RECORD EXTRACTS Start Marker

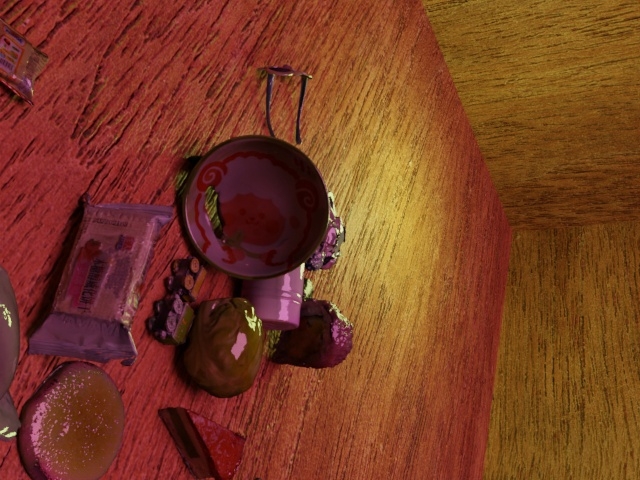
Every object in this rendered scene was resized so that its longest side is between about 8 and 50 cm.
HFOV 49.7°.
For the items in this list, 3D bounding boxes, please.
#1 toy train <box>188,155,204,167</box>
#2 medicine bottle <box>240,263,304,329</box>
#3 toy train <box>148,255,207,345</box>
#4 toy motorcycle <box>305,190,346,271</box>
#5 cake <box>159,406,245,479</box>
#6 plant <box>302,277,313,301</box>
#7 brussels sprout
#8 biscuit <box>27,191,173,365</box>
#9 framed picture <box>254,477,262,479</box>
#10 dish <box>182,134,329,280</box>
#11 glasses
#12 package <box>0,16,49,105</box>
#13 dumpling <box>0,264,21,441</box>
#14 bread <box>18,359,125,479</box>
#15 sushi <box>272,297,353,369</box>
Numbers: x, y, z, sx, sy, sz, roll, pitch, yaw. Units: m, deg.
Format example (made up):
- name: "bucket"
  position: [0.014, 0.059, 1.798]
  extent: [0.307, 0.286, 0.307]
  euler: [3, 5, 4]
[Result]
- name: "toy train"
  position: [-0.234, -0.170, 1.634]
  extent: [0.209, 0.044, 0.042]
  euler: [-3, 89, -60]
- name: "medicine bottle"
  position: [-0.115, 0.082, 1.687]
  extent: [0.152, 0.152, 0.254]
  euler: [30, 59, -55]
- name: "toy train"
  position: [-0.296, 0.126, 1.458]
  extent: [0.081, 0.060, 0.202]
  euler: [61, 36, -46]
- name: "toy motorcycle"
  position: [0.006, 0.000, 1.956]
  extent: [0.204, 0.108, 0.239]
  euler: [-57, 132, -48]
- name: "cake"
  position: [-0.254, 0.435, 1.444]
  extent: [0.220, 0.086, 0.117]
  euler: [46, 45, -49]
- name: "plant"
  position: [-0.068, 0.161, 1.826]
  extent: [0.143, 0.094, 0.092]
  euler: [-72, 158, -54]
- name: "brussels sprout"
  position: [-0.198, 0.232, 1.505]
  extent: [0.223, 0.161, 0.223]
  euler: [-7, 98, -60]
- name: "biscuit"
  position: [-0.376, 0.066, 1.219]
  extent: [0.079, 0.186, 0.309]
  euler: [92, 7, -59]
- name: "framed picture"
  position: [-0.158, 0.721, 1.623]
  extent: [0.189, 0.023, 0.260]
  euler: [65, 35, -30]
- name: "dish"
  position: [-0.145, -0.077, 1.575]
  extent: [0.124, 0.324, 0.324]
  euler: [-119, -162, -81]
- name: "glasses"
  position: [-0.076, -0.375, 1.904]
  extent: [0.189, 0.088, 0.221]
  euler: [-16, 99, -60]
- name: "package"
  position: [-0.518, -0.304, 1.177]
  extent: [0.108, 0.031, 0.121]
  euler: [44, 43, -49]
- name: "dumpling"
  position: [-0.528, 0.102, 0.939]
  extent: [0.211, 0.270, 0.321]
  euler: [-5, 114, -39]
- name: "bread"
  position: [-0.427, 0.328, 1.216]
  extent: [0.228, 0.033, 0.229]
  euler: [13, 75, -58]
- name: "sushi"
  position: [-0.014, 0.262, 1.727]
  extent: [0.107, 0.161, 0.241]
  euler: [9, 120, -46]
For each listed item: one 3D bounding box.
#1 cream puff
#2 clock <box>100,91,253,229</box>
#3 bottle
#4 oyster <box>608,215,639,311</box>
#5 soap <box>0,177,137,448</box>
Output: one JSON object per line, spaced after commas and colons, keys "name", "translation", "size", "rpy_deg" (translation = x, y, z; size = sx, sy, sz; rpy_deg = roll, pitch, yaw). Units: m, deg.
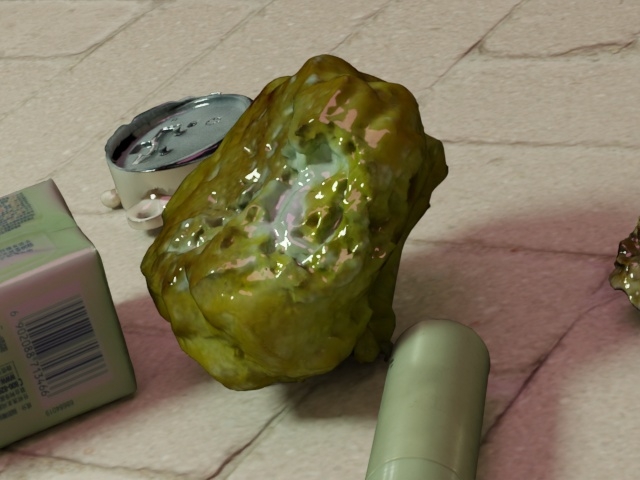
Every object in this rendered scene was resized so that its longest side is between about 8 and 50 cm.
{"name": "cream puff", "translation": [0.000, 0.001, 1.467], "size": [0.282, 0.185, 0.282], "rpy_deg": [-41, 22, 20]}
{"name": "clock", "translation": [-0.125, -0.083, 1.837], "size": [0.156, 0.063, 0.229], "rpy_deg": [-1, 29, 26]}
{"name": "bottle", "translation": [0.070, 0.133, 1.298], "size": [0.072, 0.072, 0.201], "rpy_deg": [-9, 27, 14]}
{"name": "oyster", "translation": [0.316, 0.000, 1.413], "size": [0.214, 0.083, 0.223], "rpy_deg": [-27, 35, -14]}
{"name": "soap", "translation": [-0.266, 0.065, 1.545], "size": [0.199, 0.138, 0.182], "rpy_deg": [-22, 28, -12]}
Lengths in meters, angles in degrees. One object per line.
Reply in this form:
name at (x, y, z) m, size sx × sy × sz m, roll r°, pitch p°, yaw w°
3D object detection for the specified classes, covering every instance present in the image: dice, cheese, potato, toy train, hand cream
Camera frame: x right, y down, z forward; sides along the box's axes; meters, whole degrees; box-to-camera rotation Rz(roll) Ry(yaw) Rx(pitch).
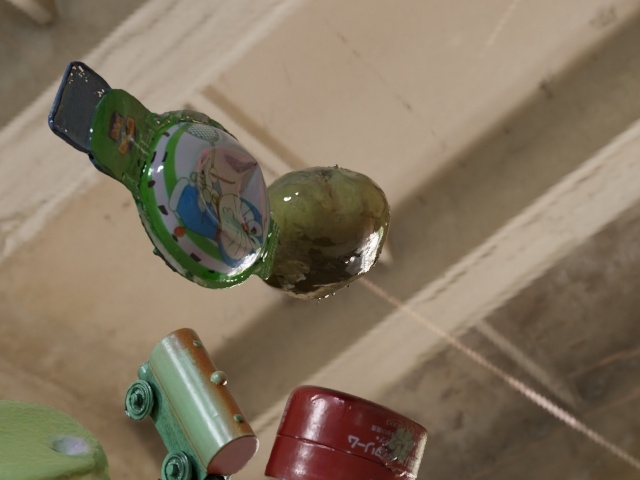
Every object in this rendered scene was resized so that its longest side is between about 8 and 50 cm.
dice at (-0.475, 0.403, 2.060) m, size 0.254 × 0.249 × 0.252 m, roll -10°, pitch -61°, yaw -46°
cheese at (-0.154, -0.067, 1.424) m, size 0.083 × 0.204 × 0.320 m, roll -18°, pitch -44°, yaw 37°
potato at (0.000, 0.000, 1.853) m, size 0.191 × 0.141 × 0.296 m, roll -13°, pitch -20°, yaw -9°
toy train at (-0.200, 0.271, 2.126) m, size 0.116 × 0.285 × 0.177 m, roll 13°, pitch -58°, yaw -43°
hand cream at (0.039, 0.314, 2.000) m, size 0.230 × 0.149 × 0.230 m, roll 16°, pitch -15°, yaw 4°
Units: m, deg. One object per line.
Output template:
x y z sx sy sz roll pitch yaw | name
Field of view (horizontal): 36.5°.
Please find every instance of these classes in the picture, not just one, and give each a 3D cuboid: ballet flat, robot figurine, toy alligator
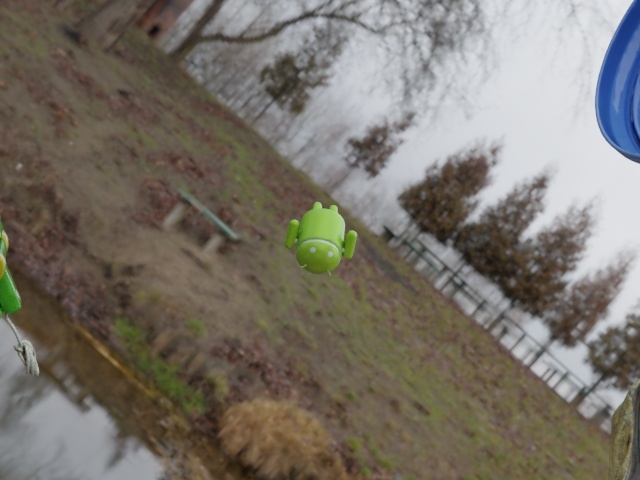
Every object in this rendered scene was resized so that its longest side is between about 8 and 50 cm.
0.444 0.354 1.341 0.123 0.348 0.123 12 -35 9 | ballet flat
0.000 0.000 1.423 0.101 0.115 0.067 12 -37 -4 | robot figurine
-0.248 0.019 0.693 0.056 0.051 0.189 -127 -153 -66 | toy alligator

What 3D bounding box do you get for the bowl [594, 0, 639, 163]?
0.496 -0.248 1.141 0.077 0.391 0.391 30 4 -21 | bowl
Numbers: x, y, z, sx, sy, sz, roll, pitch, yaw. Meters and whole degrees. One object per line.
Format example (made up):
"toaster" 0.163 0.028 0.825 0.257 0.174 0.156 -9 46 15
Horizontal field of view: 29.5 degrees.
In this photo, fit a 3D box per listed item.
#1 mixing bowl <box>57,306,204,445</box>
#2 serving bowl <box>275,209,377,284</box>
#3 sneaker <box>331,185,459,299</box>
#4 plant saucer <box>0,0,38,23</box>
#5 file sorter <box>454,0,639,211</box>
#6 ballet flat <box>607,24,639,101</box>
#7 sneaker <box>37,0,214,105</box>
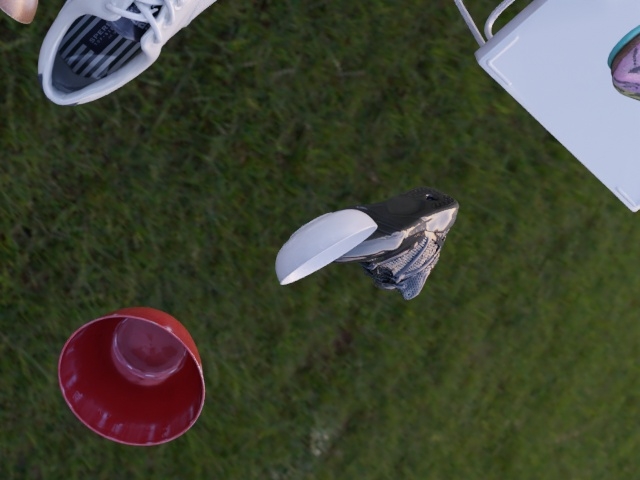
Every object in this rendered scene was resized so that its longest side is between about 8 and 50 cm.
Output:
"mixing bowl" -0.222 0.151 1.500 0.182 0.098 0.181 3 115 6
"serving bowl" 0.000 0.000 0.901 0.083 0.083 0.027 -27 82 -22
"sneaker" 0.071 0.019 1.422 0.228 0.087 0.130 -18 128 -50
"plant saucer" -0.487 -0.423 1.848 0.036 0.198 0.198 -31 129 12
"file sorter" 0.295 -0.207 1.259 0.193 0.173 0.278 -41 125 18
"ballet flat" 0.248 -0.096 0.697 0.221 0.079 0.077 -15 160 -48
"sneaker" -0.111 -0.178 0.856 0.094 0.091 0.258 32 132 -21
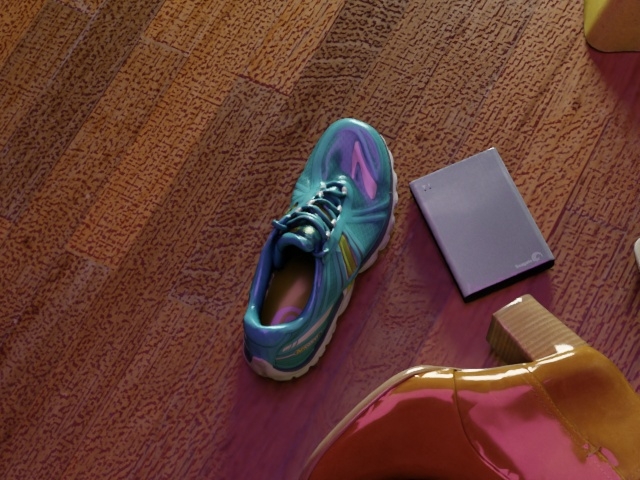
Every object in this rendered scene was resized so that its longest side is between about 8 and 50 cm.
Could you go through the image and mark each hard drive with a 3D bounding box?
[{"bbox_3d":[0.155,-0.015,1.273,0.094,0.022,0.135,-23,64,-3],"label":"hard drive"}]

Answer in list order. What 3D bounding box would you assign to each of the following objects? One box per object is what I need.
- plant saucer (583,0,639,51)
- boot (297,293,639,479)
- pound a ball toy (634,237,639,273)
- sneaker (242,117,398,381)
[{"bbox_3d":[0.441,-0.359,1.361,0.333,0.081,0.333,0,65,9],"label":"plant saucer"},{"bbox_3d":[0.149,0.196,1.132,0.295,0.104,0.211,-34,65,-13],"label":"boot"},{"bbox_3d":[0.377,0.083,1.094,0.136,0.208,0.319,-14,63,2],"label":"pound a ball toy"},{"bbox_3d":[0.000,0.000,1.241,0.107,0.110,0.275,14,67,14],"label":"sneaker"}]
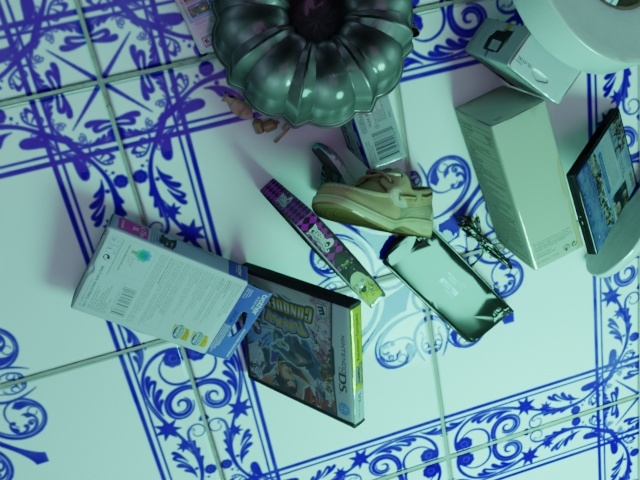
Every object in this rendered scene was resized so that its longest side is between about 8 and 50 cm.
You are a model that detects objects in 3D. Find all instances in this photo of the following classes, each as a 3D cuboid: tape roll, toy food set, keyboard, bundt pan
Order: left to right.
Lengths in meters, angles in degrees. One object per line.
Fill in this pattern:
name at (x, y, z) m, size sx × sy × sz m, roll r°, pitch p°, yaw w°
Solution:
toy food set at (-0.104, -0.231, 1.294) m, size 0.122 × 0.019 × 0.078 m, roll 42°, pitch 96°, yaw -18°
bundt pan at (-0.007, -0.339, 1.131) m, size 0.331 × 0.124 × 0.330 m, roll 0°, pitch 92°, yaw -4°
keyboard at (0.288, 0.063, 1.513) m, size 0.201 × 0.033 × 0.317 m, roll -42°, pitch 117°, yaw 11°
tape roll at (0.459, -0.472, 1.222) m, size 0.392 × 0.072 × 0.391 m, roll 3°, pitch 84°, yaw -28°

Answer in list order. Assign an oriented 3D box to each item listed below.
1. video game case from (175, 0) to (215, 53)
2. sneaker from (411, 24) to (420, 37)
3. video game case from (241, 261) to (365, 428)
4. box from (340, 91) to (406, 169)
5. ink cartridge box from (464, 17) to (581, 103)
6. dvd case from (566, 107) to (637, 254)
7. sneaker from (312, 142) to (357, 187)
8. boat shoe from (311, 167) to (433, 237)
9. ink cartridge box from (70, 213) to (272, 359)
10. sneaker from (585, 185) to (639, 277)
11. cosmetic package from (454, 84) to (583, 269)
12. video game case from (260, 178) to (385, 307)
video game case at (-0.156, -0.402, 1.209) m, size 0.157 × 0.019 × 0.143 m, roll -26°, pitch 115°, yaw -3°
sneaker at (0.134, -0.366, 1.291) m, size 0.083 × 0.037 × 0.031 m, roll -6°, pitch 115°, yaw -11°
video game case at (-0.039, 0.188, 1.360) m, size 0.035 × 0.275 × 0.248 m, roll -27°, pitch 123°, yaw -44°
box at (0.080, -0.206, 1.286) m, size 0.072 × 0.137 × 0.126 m, roll -23°, pitch 116°, yaw -5°
ink cartridge box at (0.351, -0.315, 1.293) m, size 0.127 × 0.175 × 0.072 m, roll 30°, pitch 102°, yaw -24°
dvd case at (0.546, -0.118, 1.430) m, size 0.253 × 0.022 × 0.180 m, roll -46°, pitch 122°, yaw -36°
sneaker at (0.025, -0.102, 1.359) m, size 0.076 × 0.065 × 0.166 m, roll -34°, pitch 115°, yaw 5°
boat shoe at (0.098, -0.074, 1.291) m, size 0.341 × 0.122 × 0.110 m, roll 9°, pitch 91°, yaw -59°
ink cartridge box at (-0.265, 0.092, 1.339) m, size 0.311 × 0.065 × 0.185 m, roll 24°, pitch 115°, yaw -18°
sneaker at (0.701, -0.020, 1.549) m, size 0.169 × 0.108 × 0.292 m, roll 24°, pitch 111°, yaw -29°
cosmetic package at (0.373, -0.118, 1.391) m, size 0.113 × 0.160 × 0.309 m, roll -26°, pitch 117°, yaw -4°
video game case at (0.000, 0.000, 1.297) m, size 0.042 × 0.232 × 0.210 m, roll -43°, pitch 117°, yaw -2°
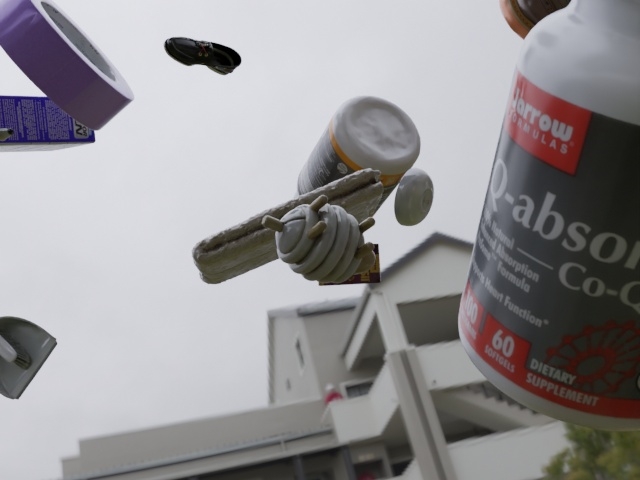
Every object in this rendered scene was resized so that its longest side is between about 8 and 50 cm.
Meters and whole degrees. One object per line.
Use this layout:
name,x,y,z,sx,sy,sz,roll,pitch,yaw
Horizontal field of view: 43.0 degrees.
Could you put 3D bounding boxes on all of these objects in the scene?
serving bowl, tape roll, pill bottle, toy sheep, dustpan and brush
serving bowl,0.134,-0.057,1.120,0.027,0.083,0.083,17,-14,32
tape roll,-0.459,-0.326,1.445,0.090,0.274,0.275,-40,-34,4
pill bottle,0.051,-0.115,1.453,0.162,0.162,0.278,0,-31,-24
pill bottle,0.238,-0.055,0.617,0.210,0.210,0.362,-4,-60,-19
toy sheep,0.000,0.000,0.828,0.132,0.091,0.091,27,-48,-24
dustpan and brush,-0.625,0.188,1.559,0.147,0.211,0.060,-55,-24,-1

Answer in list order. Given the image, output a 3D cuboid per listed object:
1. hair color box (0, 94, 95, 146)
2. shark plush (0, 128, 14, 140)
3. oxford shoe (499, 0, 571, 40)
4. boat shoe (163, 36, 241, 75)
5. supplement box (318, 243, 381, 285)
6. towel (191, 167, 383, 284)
hair color box,-0.663,-0.238,1.675,0.185,0.110,0.339,-2,3,41
shark plush,-0.617,-0.187,1.466,0.073,0.067,0.161,-25,-10,-46
oxford shoe,0.377,-0.214,0.908,0.364,0.129,0.133,25,-3,-6
boat shoe,-0.187,-0.300,1.296,0.133,0.048,0.042,10,-21,-41
supplement box,0.038,0.033,1.092,0.083,0.054,0.043,-4,-1,3
towel,-0.046,-0.018,1.151,0.282,0.049,0.187,-23,-10,-8
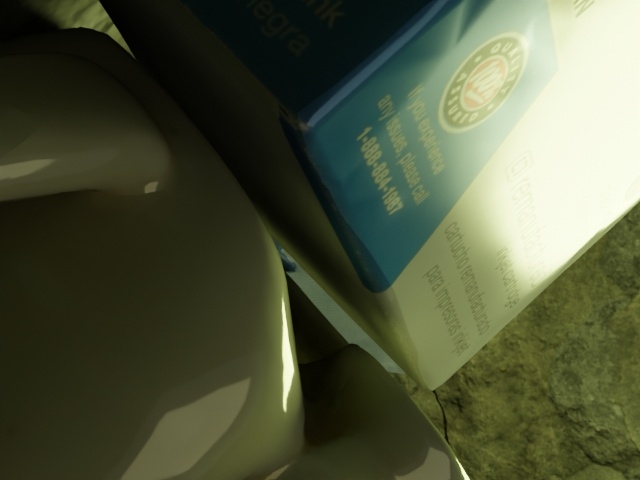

RECORD EXTRACTS End Marker

PROBLEM REQUIREMENTS
Find every line in the records that has the word "degrees". Copy those lines.

OUTPUT FOR THIS EXERCISE
Lengths in meters, angles in degrees. One object per line.
Camera frame: x right, y down, z forward; sides along the box's axes; meters, whole degrees; box-to-camera rotation Rz(roll) Ry(yaw) Rx(pitch).
Numbers: x, y, z, sx, sy, sz, roll, pitch, yaw. Meters and whole degrees. One object per line.
Horizontal field of view: 29.5 degrees.
Lengths in meters, angles in degrees. One object per line.
Meters and whole degrees. One object per line.
Horizontal field of view: 43.0 degrees.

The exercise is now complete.